Scrapy爬虫整合Kafka和MongoDB

Scrapy安装

$ pip install Scrapy

Scrapy项目

创建新的scrapy项目

$ scrapy startproject {ProjectName}

生成示例spider

$ cd {ProjectName}
$ scrapy genspider example example.com

测试

$ cd {ProjectName}
$ scrapy crawl {SpiderName}
保存爬取的信息到json文件
$ scrapy crawl {SpiderName} -o items.json -t json

PyCharm中执行和调试scrapy爬虫 新建begin.py,添加如下内容,然后执行begin.py

from scrapy import cmdline

if __name__ == "__main__":
    cmdline.execute("scrapy crawl stack".split())

scrapy整合kafka

kafka常用命令

  • 创建topic
    kafka-topics --create --topic newtest --partitions 1 --replication-factor 1 --zookeeper localhost:2181
    
  • 创建producer
    kafka-console-producer --broker-list localhost:9092 --topic newtest
    
  • 创建consumer
    kafka-console-consumer --zookeeper localhost:2181 --topic newtest
    

kafka-python包安装

$ pip install kafka-python

kafka-python官方资料

pykafka包安装

pip install pykafka

pykafka官方资料

pykafka依赖于librdkafka,因此需要安装librdkafka。librdkafka源码项目

yum install librdkafka-devel
安装包安装,安装包下载地址:https://centos.pkgs.org/6/epel-x86_64/lz4-r131-1.el6.x86_64.rpm.html
rpm -Uvh lz4-r131-1.el6.x86_64.rpm
rpm -Uvh librdkafka-0.11.6-1.el6.remi.x86_64.rpm
rpm -Uvh librdkafka-devel-0.11.6-1.el6.remi.x86_64.rpm

scrapy-kafka包安装

$ pip install scrapy-kafka

scrapy kafka连接实例

Scrapy-Kafka-Demo 经测试可以使用

scrapy-kafka-redis

scrapy整合MongoDB

这里我们将所有元素保存到MongoDB的testdb数据库questions集合中。
首先安装pymongo相关包

pip install bson
pip install pymongo

在settings指定相应的pipeline并添加一些数据库参数

ITEM_PIPELINES = {
   'scrapy_learning.pipelines.MongoDBPipeline': 300,
}
MONGODB_SERVER = '10.110.181.40'
MONGODB_PORT = 27017
MONGODB_DB = 'testdb'
MONGODB_COLLECTION = 'questions'
MONGODB_USER = 'test'
MONGODB_PWD = 'test'

在pipelines.py中添加数据存储相关代码

import pymongo
from scrapy import log
from scrapy.exceptions import DropItem

class MongoDBPipeline(object):
    def __init__(self):
        connection = pymongo.MongoClient(settings.MONGODB_SERVER, settings.MONGODB_PORT)
        db = connection[settings.MONGODB_DB]
        db.authenticate(settings.MONGODB_USER, settings.MONGODB_PWD)
        self.collection = db[settings.MONGODB_COLLECTION]

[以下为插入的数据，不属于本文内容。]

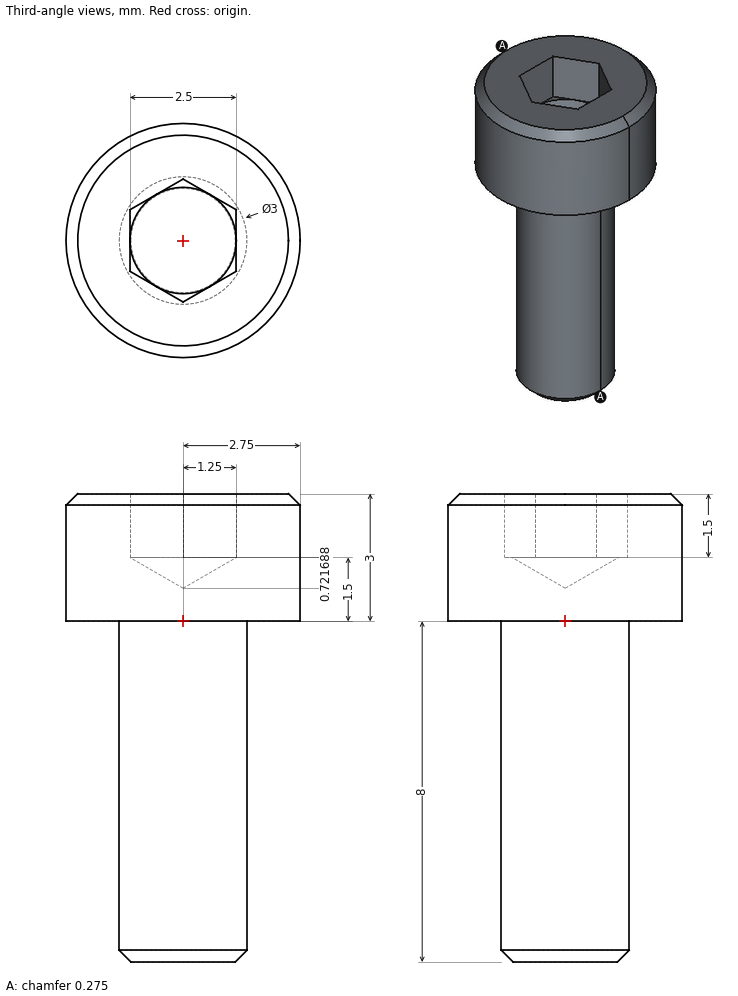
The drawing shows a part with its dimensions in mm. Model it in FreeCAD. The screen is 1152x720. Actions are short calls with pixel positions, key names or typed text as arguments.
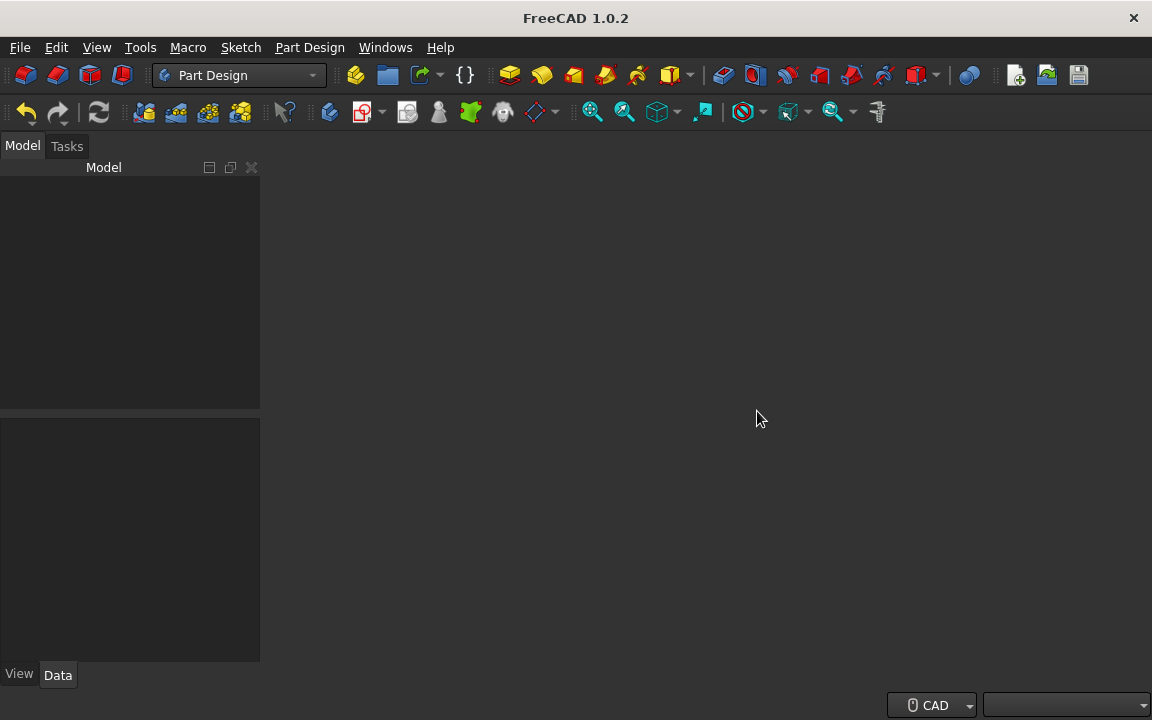
click(1016, 76)
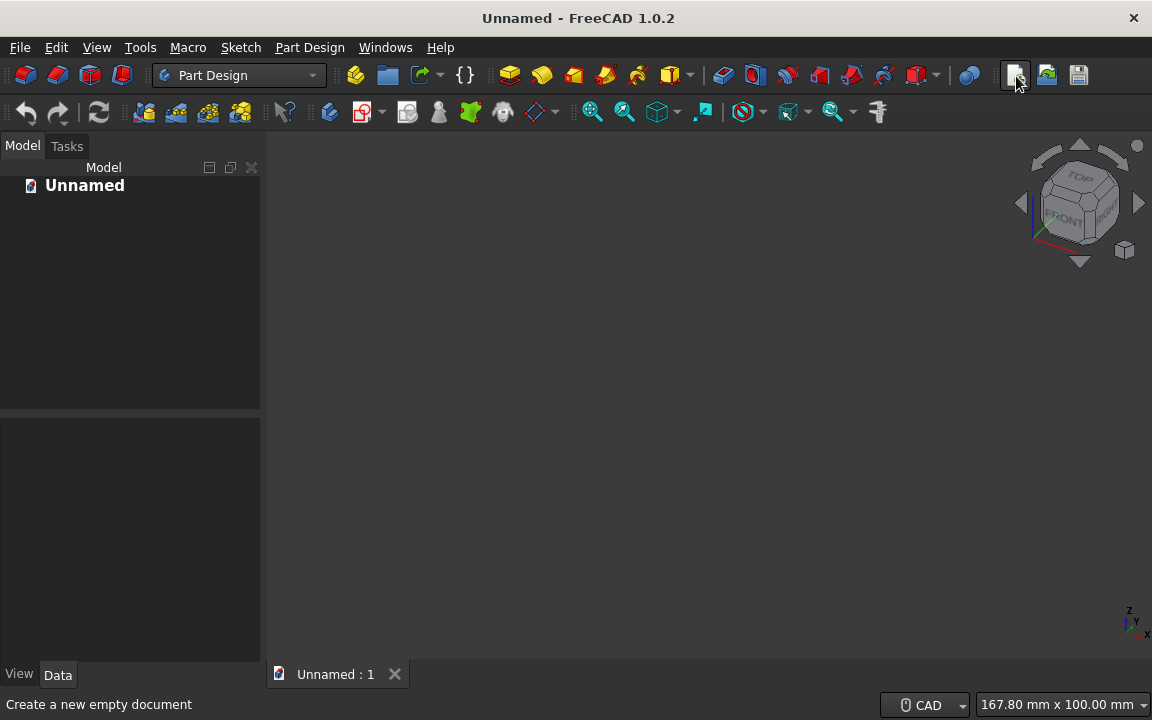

    def process_item(self,item,spider):
        valid = True
        for data in item:
            if not data:
                valid = False
                raise DropItem("Missing{0}".format(data))
        if valid:
            self.collection.insert(dict(item))
            log.msg('question added to mongodb database!', level=log.DEBUG, spider=spider)
        return item

实例

新建项目scrapy_learning

$ scrapy startproject scrapy_learning

项目结构如下:

源码如下:
scrapy_learning/items.py

import scrapy

class ScrapyLearningItem(scrapy.Item):
    # define the fields for your item here like:
    title = scrapy.Field()
    url = scrapy.Field()
    pass

scrapy_learning/settings.py

BOT_NAME = 'scrapy_learning'

SPIDER_MODULES = ['scrapy_learning.spiders']
NEWSPIDER_MODULE = 'scrapy_learning.spiders'

ROBOTSTXT_OBEY = True

ITEM_PIPELINES = {
   'scrapy_learning.pipelines.ScrapyLearningPipeline': 300,
   'scrapy_learning.pipelines.MongoDBPipeline': 300,
}

# MongoDB相关参数配置
MONGODB_SERVER = '10.110.181.40'
MONGODB_PORT = 27017
MONGODB_DB = 'testdb'
MONGODB_COLLECTION = 'questions'
MONGODB_USER = 'test'
MONGODB_PWD = 'test'

# kafka配置
KAFKA_IP_PORT = ["10.110.181.40:6667"]
KAFKA_TOPIC = "scrapy_kafka"

scrapy_learning/pipelines.py

import pymongo
from pykafka import KafkaClient
from scrapy import log
from scrapy.exceptions import DropItem
from scrapy.utils.serialize import ScrapyJSONEncoder

from scrapy_learning import settings


class ScrapyLearningPipeline(object):
    def __init__(self):
        kafka_ip_port = settings.KAFKA_IP_PORT
        kafka_topic = settings.KAFKA_TOPIC
        if len(kafka_ip_port) == 1:
            kafka_ip_port = kafka_ip_port[0]
        else:
            if isinstance(kafka_ip_port, list):
                kafka_ip_port = ",".join(kafka_ip_port)
            else:
                kafka_ip_port = kafka_ip_port
        self._client = KafkaClient(hosts=kafka_ip_port)
        self._producer = self._client.topics[kafka_topic.encode(encoding="UTF-8")].get_producer()
        self._encoder = ScrapyJSONEncoder()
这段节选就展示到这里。